▶ _Task goal_: Repeat the listing exactly, line by line, and leave the pictures behind.
>>>
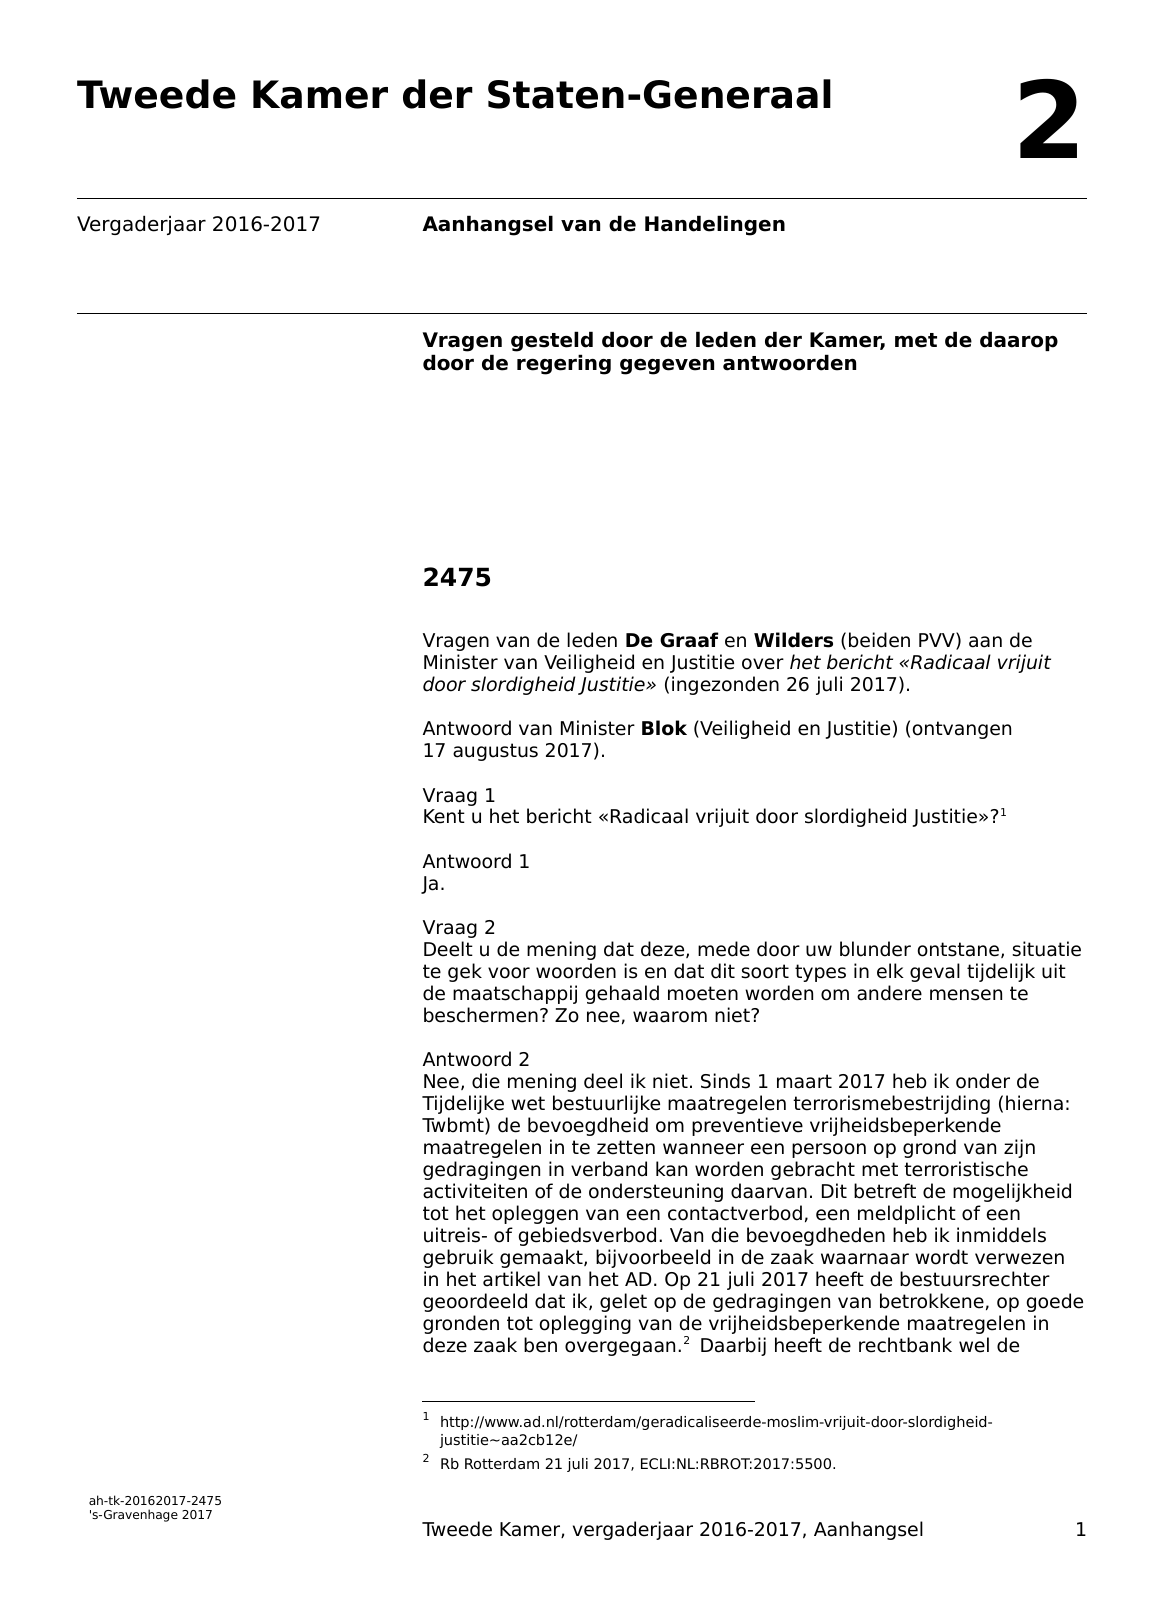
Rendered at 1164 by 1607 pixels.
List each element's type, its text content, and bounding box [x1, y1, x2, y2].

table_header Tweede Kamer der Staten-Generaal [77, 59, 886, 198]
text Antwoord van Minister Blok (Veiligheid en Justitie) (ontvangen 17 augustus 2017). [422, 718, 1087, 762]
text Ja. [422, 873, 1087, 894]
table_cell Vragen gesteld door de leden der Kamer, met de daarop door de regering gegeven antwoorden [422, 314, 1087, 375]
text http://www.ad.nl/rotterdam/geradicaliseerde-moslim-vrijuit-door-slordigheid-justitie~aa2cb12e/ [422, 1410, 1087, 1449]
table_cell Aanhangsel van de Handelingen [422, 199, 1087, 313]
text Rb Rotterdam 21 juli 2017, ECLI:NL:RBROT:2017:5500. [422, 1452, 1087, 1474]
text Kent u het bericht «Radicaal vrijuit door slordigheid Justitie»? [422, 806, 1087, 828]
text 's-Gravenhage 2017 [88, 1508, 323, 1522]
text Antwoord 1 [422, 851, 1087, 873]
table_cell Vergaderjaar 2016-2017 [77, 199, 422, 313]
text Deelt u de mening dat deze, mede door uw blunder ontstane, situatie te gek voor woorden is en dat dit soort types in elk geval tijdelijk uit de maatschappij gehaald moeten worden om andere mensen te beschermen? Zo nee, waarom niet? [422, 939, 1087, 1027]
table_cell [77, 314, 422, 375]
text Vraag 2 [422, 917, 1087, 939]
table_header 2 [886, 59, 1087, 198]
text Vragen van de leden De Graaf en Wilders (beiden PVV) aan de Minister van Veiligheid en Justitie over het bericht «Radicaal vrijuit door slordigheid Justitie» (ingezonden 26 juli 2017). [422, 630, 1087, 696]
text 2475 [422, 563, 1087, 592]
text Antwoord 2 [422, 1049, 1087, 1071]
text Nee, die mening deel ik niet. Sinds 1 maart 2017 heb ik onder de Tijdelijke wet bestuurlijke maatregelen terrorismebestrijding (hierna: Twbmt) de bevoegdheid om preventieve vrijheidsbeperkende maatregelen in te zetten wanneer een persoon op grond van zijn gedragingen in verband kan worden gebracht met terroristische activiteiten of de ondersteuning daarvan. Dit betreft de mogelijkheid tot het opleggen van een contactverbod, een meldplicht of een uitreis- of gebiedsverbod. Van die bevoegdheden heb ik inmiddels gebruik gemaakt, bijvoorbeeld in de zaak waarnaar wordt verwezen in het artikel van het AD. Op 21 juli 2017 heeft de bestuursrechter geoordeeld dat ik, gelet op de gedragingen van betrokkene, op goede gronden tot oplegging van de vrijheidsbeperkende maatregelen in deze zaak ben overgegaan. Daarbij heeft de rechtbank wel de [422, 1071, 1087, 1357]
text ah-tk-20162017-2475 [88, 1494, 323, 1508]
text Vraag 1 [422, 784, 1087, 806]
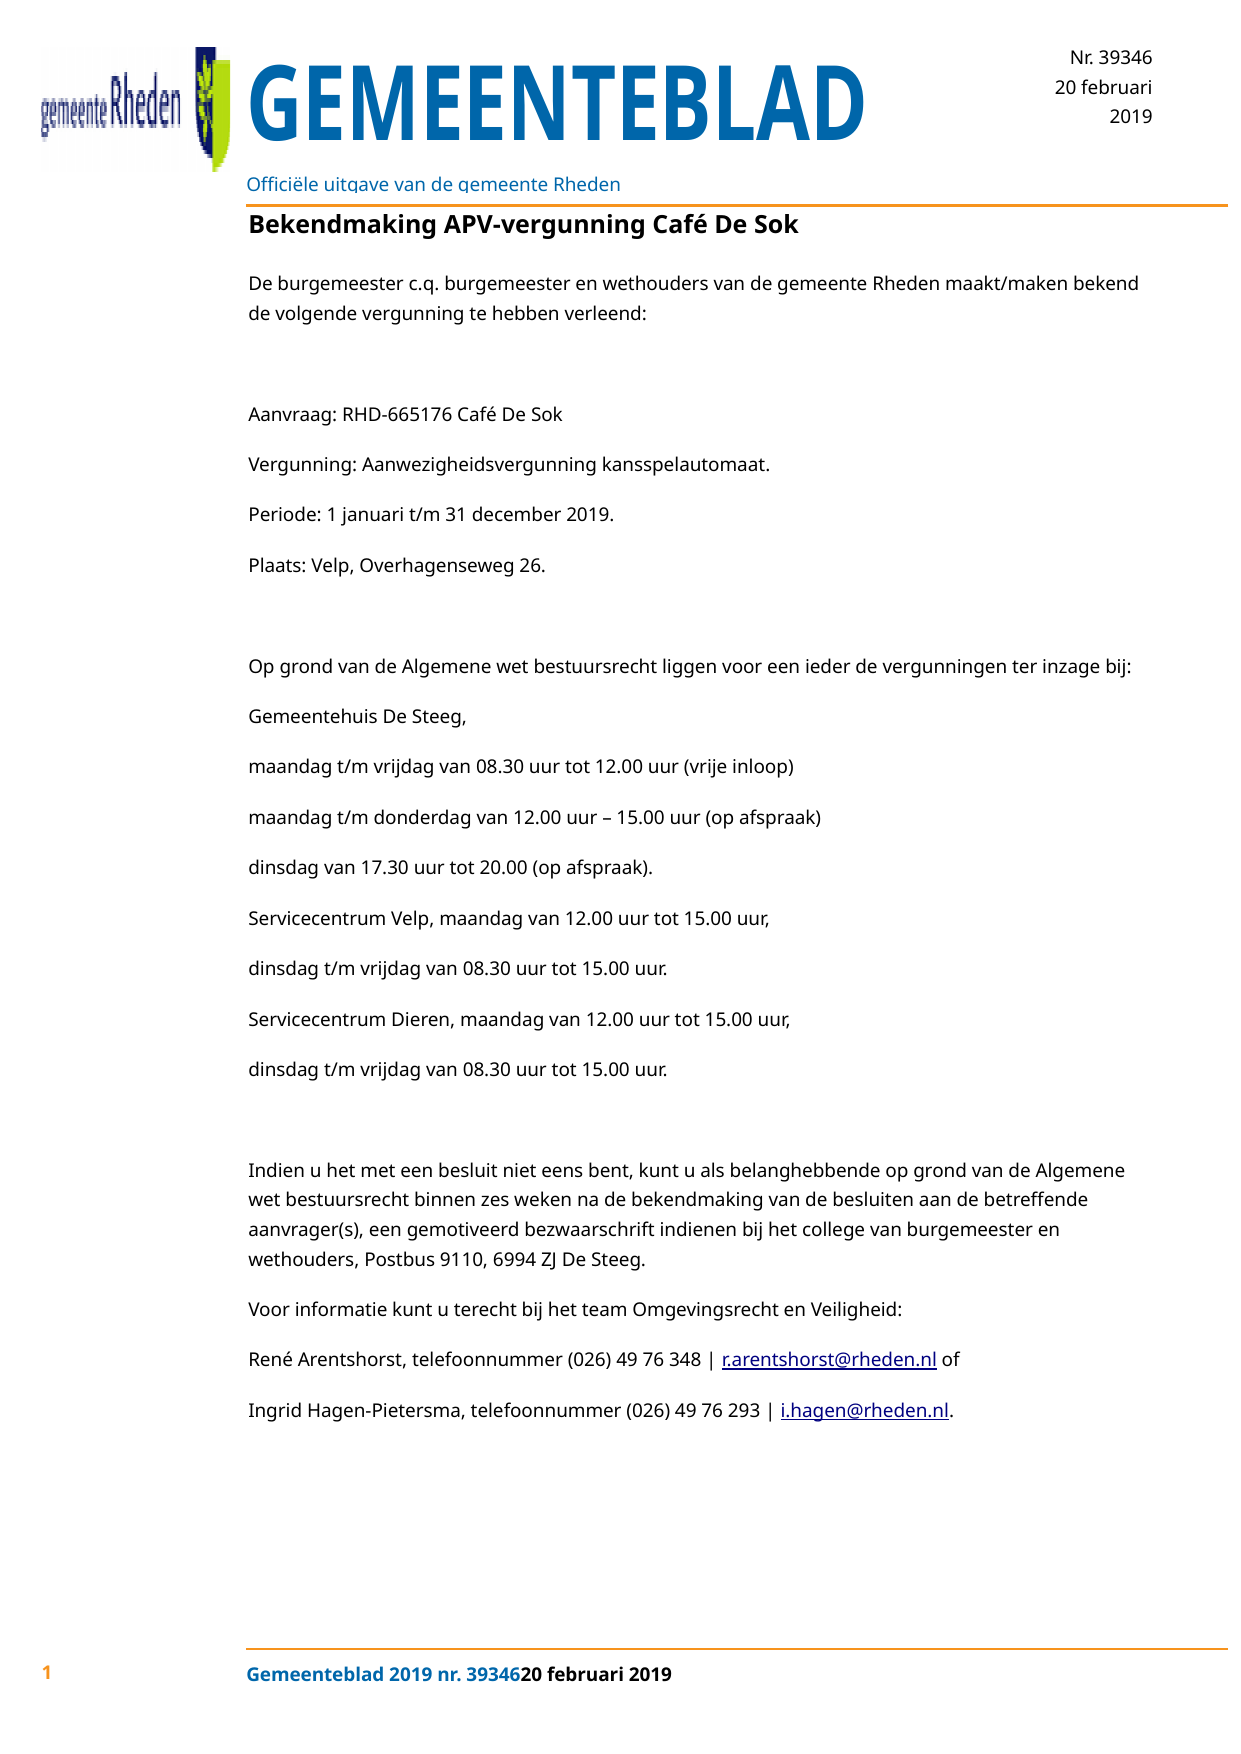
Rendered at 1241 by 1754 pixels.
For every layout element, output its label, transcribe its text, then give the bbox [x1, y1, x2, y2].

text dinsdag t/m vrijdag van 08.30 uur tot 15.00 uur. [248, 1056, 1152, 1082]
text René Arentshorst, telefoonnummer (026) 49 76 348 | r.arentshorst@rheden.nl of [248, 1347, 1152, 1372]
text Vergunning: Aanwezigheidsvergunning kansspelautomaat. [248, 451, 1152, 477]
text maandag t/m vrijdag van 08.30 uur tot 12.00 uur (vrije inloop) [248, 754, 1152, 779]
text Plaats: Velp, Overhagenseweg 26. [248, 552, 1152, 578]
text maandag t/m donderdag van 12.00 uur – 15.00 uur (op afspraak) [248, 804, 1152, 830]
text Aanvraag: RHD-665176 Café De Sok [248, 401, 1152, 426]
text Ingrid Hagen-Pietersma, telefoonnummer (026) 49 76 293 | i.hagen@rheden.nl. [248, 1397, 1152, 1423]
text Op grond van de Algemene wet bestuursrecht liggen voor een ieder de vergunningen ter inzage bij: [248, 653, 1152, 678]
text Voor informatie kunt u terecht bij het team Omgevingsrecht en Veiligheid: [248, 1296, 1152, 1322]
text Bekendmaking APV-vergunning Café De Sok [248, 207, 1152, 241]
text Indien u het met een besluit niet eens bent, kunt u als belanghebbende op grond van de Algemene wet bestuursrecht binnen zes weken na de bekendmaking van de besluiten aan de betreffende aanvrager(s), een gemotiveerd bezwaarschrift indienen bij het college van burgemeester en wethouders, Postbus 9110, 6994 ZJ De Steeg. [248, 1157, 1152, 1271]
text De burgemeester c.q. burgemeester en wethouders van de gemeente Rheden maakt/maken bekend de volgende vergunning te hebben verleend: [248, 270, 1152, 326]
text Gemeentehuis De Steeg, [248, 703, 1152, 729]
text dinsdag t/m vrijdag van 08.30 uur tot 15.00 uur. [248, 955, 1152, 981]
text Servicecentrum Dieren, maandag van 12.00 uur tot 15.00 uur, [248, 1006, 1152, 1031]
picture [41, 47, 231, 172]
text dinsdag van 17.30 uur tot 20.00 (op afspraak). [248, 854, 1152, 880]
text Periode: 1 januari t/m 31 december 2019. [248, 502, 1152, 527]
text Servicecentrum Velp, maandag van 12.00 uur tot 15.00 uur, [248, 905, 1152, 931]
<<<
▶ _The answer_:
Rendered at 1164 by 1607 pixels.
List each element's type, its text content, and bounding box [x1, y1, x2, y2].

table_header Tweede Kamer der Staten-Generaal [77, 59, 886, 198]
text Antwoord van Minister Blok (Veiligheid en Justitie) (ontvangen 17 augustus 2017). [422, 718, 1087, 762]
text Ja. [422, 873, 1087, 894]
table_cell Vragen gesteld door de leden der Kamer, met de daarop door de regering gegeven antwoorden [422, 314, 1087, 375]
text http://www.ad.nl/rotterdam/geradicaliseerde-moslim-vrijuit-door-slordigheid-justitie~aa2cb12e/ [422, 1410, 1087, 1449]
table_cell Aanhangsel van de Handelingen [422, 199, 1087, 313]
text Rb Rotterdam 21 juli 2017, ECLI:NL:RBROT:2017:5500. [422, 1452, 1087, 1474]
text Kent u het bericht «Radicaal vrijuit door slordigheid Justitie»? [422, 806, 1087, 828]
text 's-Gravenhage 2017 [88, 1508, 323, 1522]
text Antwoord 1 [422, 851, 1087, 873]
table_cell Vergaderjaar 2016-2017 [77, 199, 422, 313]
text Deelt u de mening dat deze, mede door uw blunder ontstane, situatie te gek voor woorden is en dat dit soort types in elk geval tijdelijk uit de maatschappij gehaald moeten worden om andere mensen te beschermen? Zo nee, waarom niet? [422, 939, 1087, 1027]
table_cell [77, 314, 422, 375]
text Vraag 2 [422, 917, 1087, 939]
table_header 2 [886, 59, 1087, 198]
text Vragen van de leden De Graaf en Wilders (beiden PVV) aan de Minister van Veiligheid en Justitie over het bericht «Radicaal vrijuit door slordigheid Justitie» (ingezonden 26 juli 2017). [422, 630, 1087, 696]
text 2475 [422, 563, 1087, 592]
text Antwoord 2 [422, 1049, 1087, 1071]
text Nee, die mening deel ik niet. Sinds 1 maart 2017 heb ik onder de Tijdelijke wet bestuurlijke maatregelen terrorismebestrijding (hierna: Twbmt) de bevoegdheid om preventieve vrijheidsbeperkende maatregelen in te zetten wanneer een persoon op grond van zijn gedragingen in verband kan worden gebracht met terroristische activiteiten of de ondersteuning daarvan. Dit betreft de mogelijkheid tot het opleggen van een contactverbod, een meldplicht of een uitreis- of gebiedsverbod. Van die bevoegdheden heb ik inmiddels gebruik gemaakt, bijvoorbeeld in de zaak waarnaar wordt verwezen in het artikel van het AD. Op 21 juli 2017 heeft de bestuursrechter geoordeeld dat ik, gelet op de gedragingen van betrokkene, op goede gronden tot oplegging van de vrijheidsbeperkende maatregelen in deze zaak ben overgegaan. Daarbij heeft de rechtbank wel de [422, 1071, 1087, 1357]
text ah-tk-20162017-2475 [88, 1494, 323, 1508]
text Vraag 1 [422, 784, 1087, 806]
Rendered at 1241 by 1754 pixels.
For every layout element, output its label, transcribe its text, then give the bbox [x1, y1, x2, y2].

text dinsdag t/m vrijdag van 08.30 uur tot 15.00 uur. [248, 1056, 1152, 1082]
text René Arentshorst, telefoonnummer (026) 49 76 348 | r.arentshorst@rheden.nl of [248, 1347, 1152, 1372]
text Vergunning: Aanwezigheidsvergunning kansspelautomaat. [248, 451, 1152, 477]
text maandag t/m vrijdag van 08.30 uur tot 12.00 uur (vrije inloop) [248, 754, 1152, 779]
text Plaats: Velp, Overhagenseweg 26. [248, 552, 1152, 578]
text maandag t/m donderdag van 12.00 uur – 15.00 uur (op afspraak) [248, 804, 1152, 830]
text Aanvraag: RHD-665176 Café De Sok [248, 401, 1152, 426]
text Ingrid Hagen-Pietersma, telefoonnummer (026) 49 76 293 | i.hagen@rheden.nl. [248, 1397, 1152, 1423]
text Op grond van de Algemene wet bestuursrecht liggen voor een ieder de vergunningen ter inzage bij: [248, 653, 1152, 678]
text Voor informatie kunt u terecht bij het team Omgevingsrecht en Veiligheid: [248, 1296, 1152, 1322]
text Bekendmaking APV-vergunning Café De Sok [248, 207, 1152, 241]
text Indien u het met een besluit niet eens bent, kunt u als belanghebbende op grond van de Algemene wet bestuursrecht binnen zes weken na de bekendmaking van de besluiten aan de betreffende aanvrager(s), een gemotiveerd bezwaarschrift indienen bij het college van burgemeester en wethouders, Postbus 9110, 6994 ZJ De Steeg. [248, 1157, 1152, 1271]
text De burgemeester c.q. burgemeester en wethouders van de gemeente Rheden maakt/maken bekend de volgende vergunning te hebben verleend: [248, 270, 1152, 326]
text Gemeentehuis De Steeg, [248, 703, 1152, 729]
text dinsdag t/m vrijdag van 08.30 uur tot 15.00 uur. [248, 955, 1152, 981]
text Servicecentrum Dieren, maandag van 12.00 uur tot 15.00 uur, [248, 1006, 1152, 1031]
picture [41, 47, 231, 172]
text dinsdag van 17.30 uur tot 20.00 (op afspraak). [248, 854, 1152, 880]
text Periode: 1 januari t/m 31 december 2019. [248, 502, 1152, 527]
text Servicecentrum Velp, maandag van 12.00 uur tot 15.00 uur, [248, 905, 1152, 931]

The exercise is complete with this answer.